## Scripts to generate dataset 

### 1. Rectify the SfM models

Megadepth has 2 raw folders: 

1. MegaDepth_v1: contains the resized images and depth maps.
2. MegaDepth_v1_SfM: contains the raw images and SfM models.

Notice that the raw SfM models inside MegaDepth_v1_SfM use SIMPLE_RADIAL(colmap) camera, we need to rectify the SfM model to PINHOLE. Because the resized images and depth maps inside MegaDepth_v1 were actually rectified.

Use `rectify_megadepth.py` to generates rectified models. **Please specify the local path inside the script.** It will generate an rectified SfM model alongside with original model.
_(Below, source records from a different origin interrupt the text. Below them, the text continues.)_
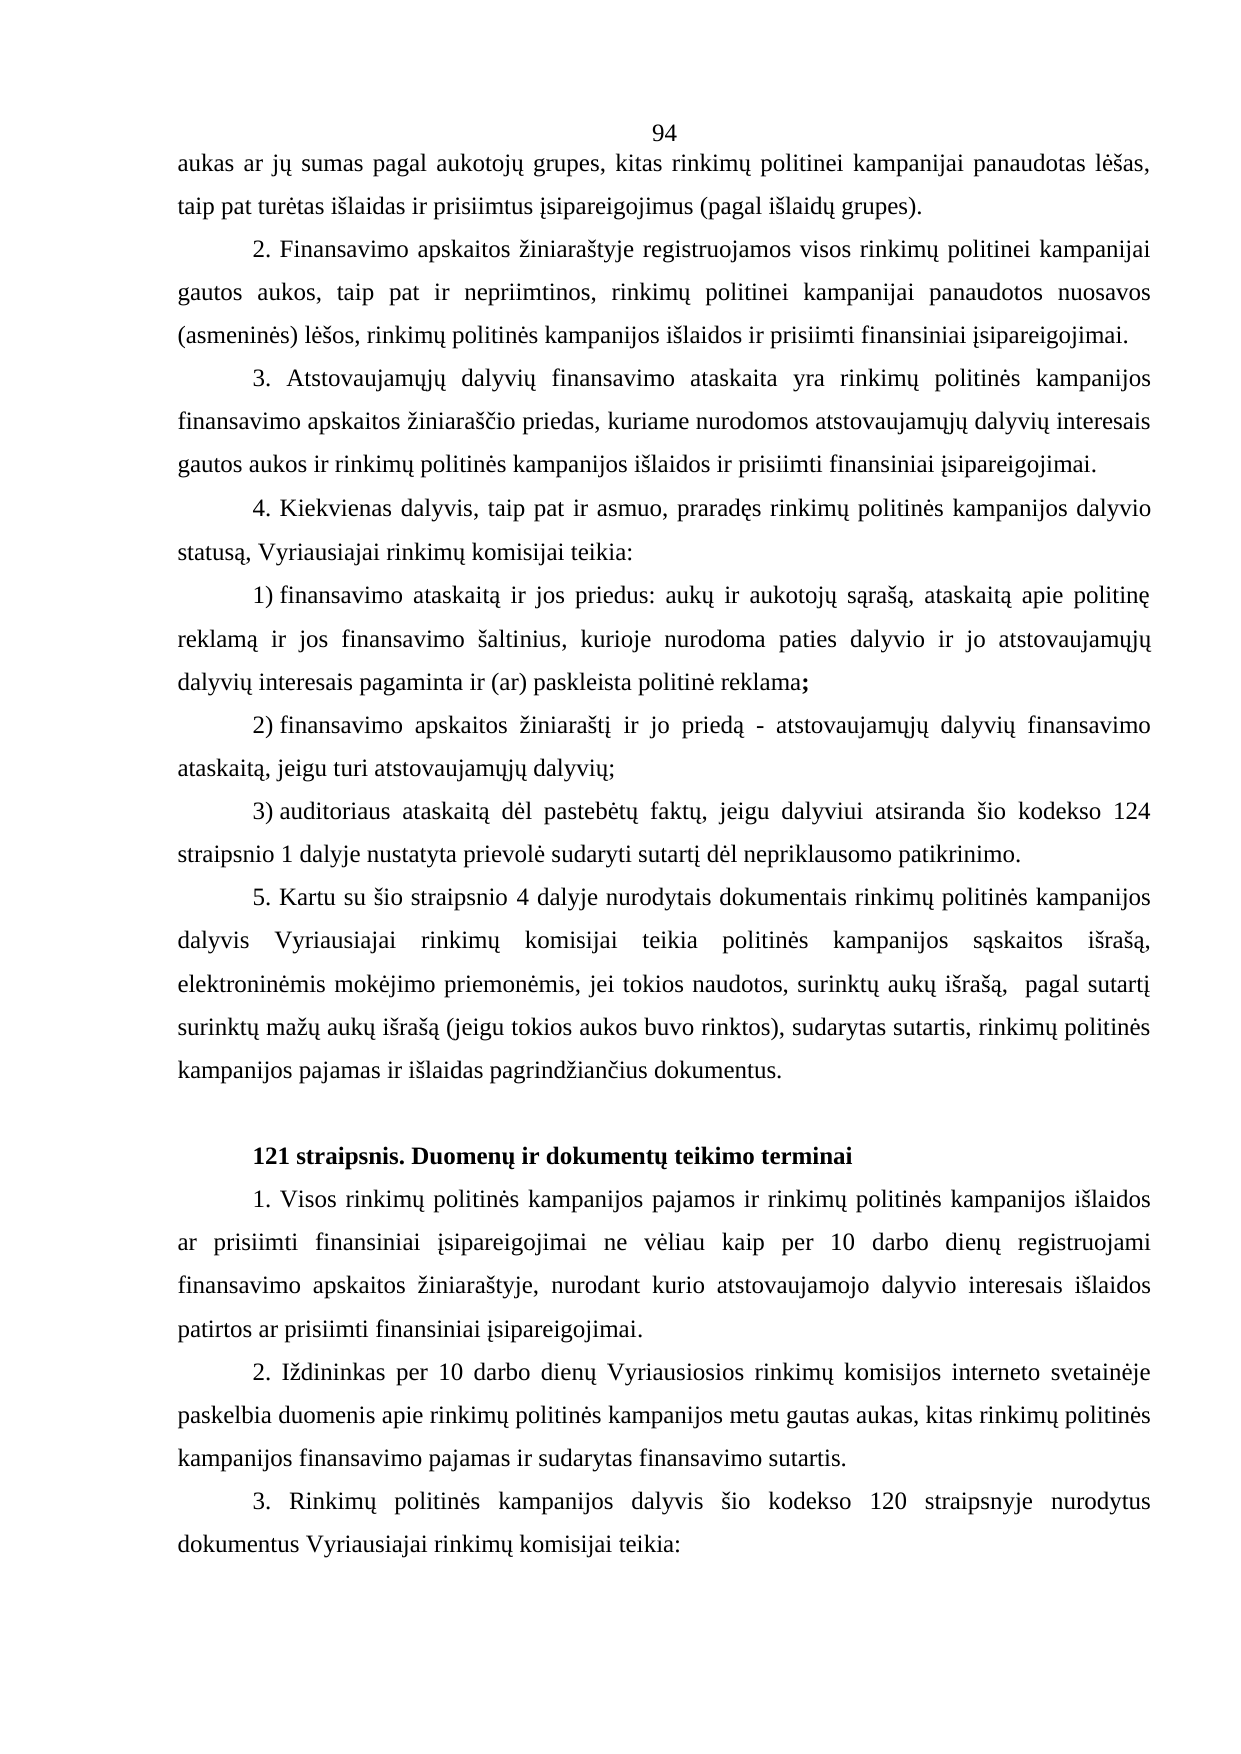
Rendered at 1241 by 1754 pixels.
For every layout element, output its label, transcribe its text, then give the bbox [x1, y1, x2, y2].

text 3. Rinkimų politinės kampanijos dalyvis šio kodekso 120 straipsnyje nurodytus dokumentus Vyriausiajai rinkimų komisijai teikia: [177, 1486, 1152, 1558]
text 2. Iždininkas per 10 darbo dienų Vyriausiosios rinkimų komisijos interneto svetainėje paskelbia duomenis apie rinkimų politinės kampanijos metu gautas aukas, kitas rinkimų politinės kampanijos finansavimo pajamas ir sudarytas finansavimo sutartis. [177, 1357, 1152, 1472]
text 5. Kartu su šio straipsnio 4 dalyje nurodytais dokumentais rinkimų politinės kampanijos dalyvis Vyriausiajai rinkimų komisijai teikia politinės kampanijos sąskaitos išrašą, elektroninėmis mokėjimo priemonėmis, jei tokios naudotos, surinktų aukų išrašą, pagal sutartį surinktų mažų aukų išrašą (jeigu tokios aukos buvo rinktos), sudarytas sutartis, rinkimų politinės kampanijos pajamas ir išlaidas pagrindžiančius dokumentus. [177, 882, 1152, 1084]
text 2) finansavimo apskaitos žiniaraštį ir jo priedą - atstovaujamųjų dalyvių finansavimo ataskaitą, jeigu turi atstovaujamųjų dalyvių; [177, 710, 1152, 782]
text aukas ar jų sumas pagal aukotojų grupes, kitas rinkimų politinei kampanijai panaudotas lėšas, taip pat turėtas išlaidas ir prisiimtus įsipareigojimus (pagal išlaidų grupes). [177, 148, 1152, 219]
subtitle 121 straipsnis. Duomenų ir dokumentų teikimo terminai [177, 1141, 1152, 1170]
text 3) auditoriaus ataskaitą dėl pastebėtų faktų, jeigu dalyviui atsiranda šio kodekso 124 straipsnio 1 dalyje nustatyta prievolė sudaryti sutartį dėl nepriklausomo patikrinimo. [177, 796, 1152, 868]
text 4. Kiekvienas dalyvis, taip pat ir asmuo, praradęs rinkimų politinės kampanijos dalyvio statusą, Vyriausiajai rinkimų komisijai teikia: [177, 493, 1152, 566]
text 1. Visos rinkimų politinės kampanijos pajamos ir rinkimų politinės kampanijos išlaidos ar prisiimti finansiniai įsipareigojimai ne vėliau kaip per 10 darbo dienų registruojami finansavimo apskaitos žiniaraštyje, nurodant kurio atstovaujamojo dalyvio interesais išlaidos patirtos ar prisiimti finansiniai įsipareigojimai. [177, 1184, 1152, 1342]
text 1) finansavimo ataskaitą ir jos priedus: aukų ir aukotojų sąrašą, ataskaitą apie politinę reklamą ir jos finansavimo šaltinius, kurioje nurodoma paties dalyvio ir jo atstovaujamųjų dalyvių interesais pagaminta ir (ar) paskleista politinė reklama; [177, 581, 1152, 696]
text 3. Atstovaujamųjų dalyvių finansavimo ataskaita yra rinkimų politinės kampanijos finansavimo apskaitos žiniaraščio priedas, kuriame nurodomos atstovaujamųjų dalyvių interesais gautos aukos ir rinkimų politinės kampanijos išlaidos ir prisiimti finansiniai įsipareigojimai. [177, 363, 1152, 478]
text 2. Finansavimo apskaitos žiniaraštyje registruojamos visos rinkimų politinei kampanijai gautos aukos, taip pat ir nepriimtinos, rinkimų politinei kampanijai panaudotos nuosavos (asmeninės) lėšos, rinkimų politinės kampanijos išlaidos ir prisiimti finansiniai įsipareigojimai. [177, 234, 1152, 349]

For example, if the original model is at `/MegaDepth_v1_SfM/0000/sparse/manhattan/0`, then the rectified model will be at `/MegaDepth_v1_SfM/0000/sparse/manhattan/0_rectified/sparse`.

### 2. Valid list

Some depth maps provided by Megadepth are actually semantic depth, which is an ordering mask. We checked all .h5 files and filter out any depth map that the minimum depth value is less than 0.
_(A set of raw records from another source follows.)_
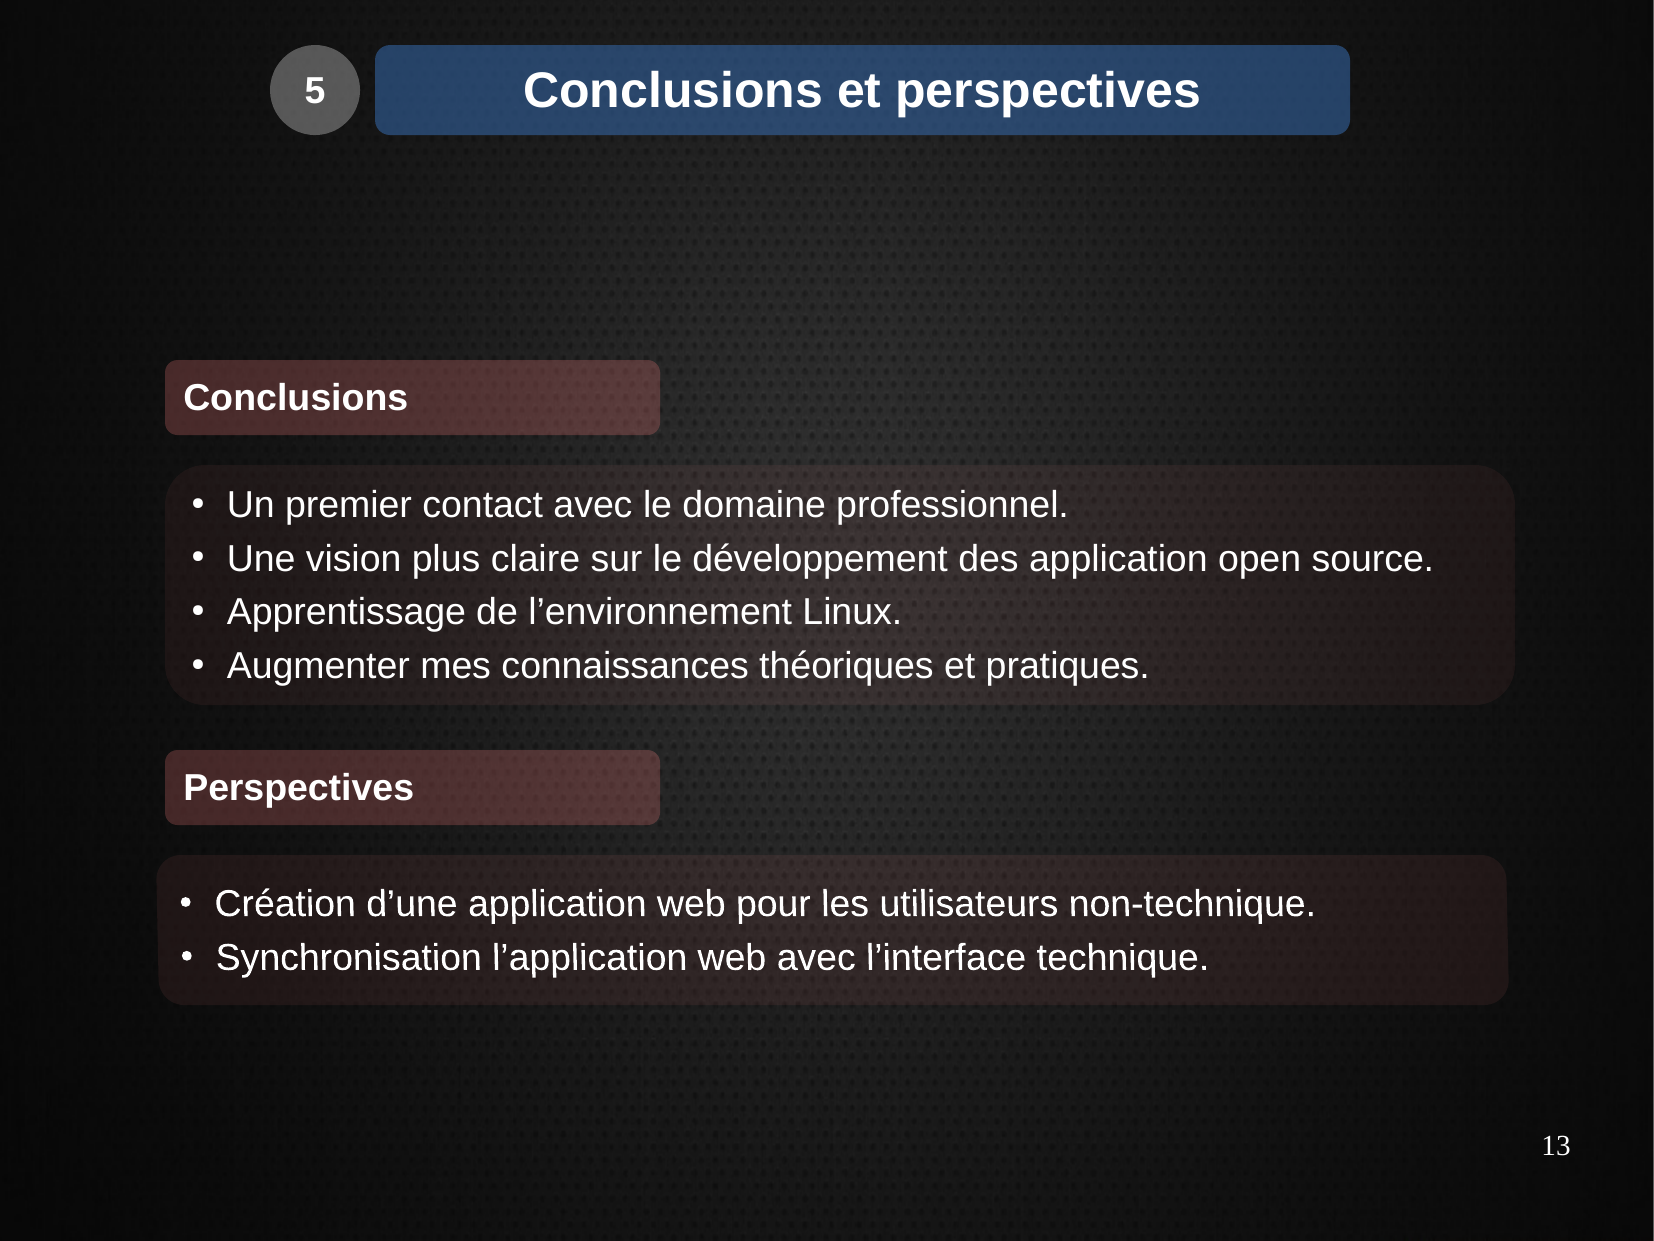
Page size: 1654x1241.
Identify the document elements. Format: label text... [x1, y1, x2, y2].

text_box Un premier contact avec le domaine professionnel. Une vision plus claire sur le développement des application open source. Apprentissage de l’environnement Linux. Augmenter mes connaissances théoriques et pratiques. [165, 465, 1516, 706]
text_box Conclusions [165, 360, 661, 436]
text_box 5 [270, 45, 361, 136]
picture [0, 0, 1654, 1241]
text_box Conclusions et perspectives [375, 45, 1351, 136]
text_box Création d’une application web pour les utilisateurs non-technique. Synchronisation l’application web avec l’interface technique. [156, 855, 1509, 1006]
text_box Perspectives [165, 750, 661, 826]

Use `prepare_megadepth_valid_list.py` to generate the valid list, or use the provided valid list(`megadepth_valid_list.json`).

### 3. Train/val/test split

We use scenes [0000, 0240] **EXCEPT** scene 0204 as training split, we use scene 0204 as the validation split, and the rest as the test split.

Use `prepare_megadepth_split.py` to generate the split, or use the provided split files(`megadepth_train.json` and `megadepth_val.json`).

### 4. Sequences control

We use another json file to control the sequences we want to use during training. It allows us to use a smaller sequence to debug, and remove some unwanted sequences.

Notice that in the final training(current version), we remove the overlapping scenes with IMW dataset as mentioned [here](https://www.cs.ubc.ca/research/image-matching-challenge/2020/submit/).

Build you own sequence control json, or use the provided ones(`200_megadepth.json` for default training, and `debug_megadepth.json` for debugging).

### 5. Distance matrix

Under each `denseX` folder inside folder `MegaDepth_v1` , we add a `dist_mat` folder, and inside the folder is the `dist_mat.npy` which represents the distance matrix.

For example: `/MegaDepth_v1/phoenix/S6/zl548/MegaDepth_v1/0000/dense0/dist_mat/dist_mat.npy`

The size of the distance matrix is N by N, where N is the number of images with **valid** depth.

The index of the matrix aligns with the order in the "images.txt", thus we require at least python 3.7 which uses ordered dictionary as default.

Use `prepare_nn_distance_mat.py` to generate the distance matrix, or use the provided distance matrix([link](https://www.cs.ubc.ca/research/kmyi_data/files/2021/cotr/MegaDepth_v1.zip)).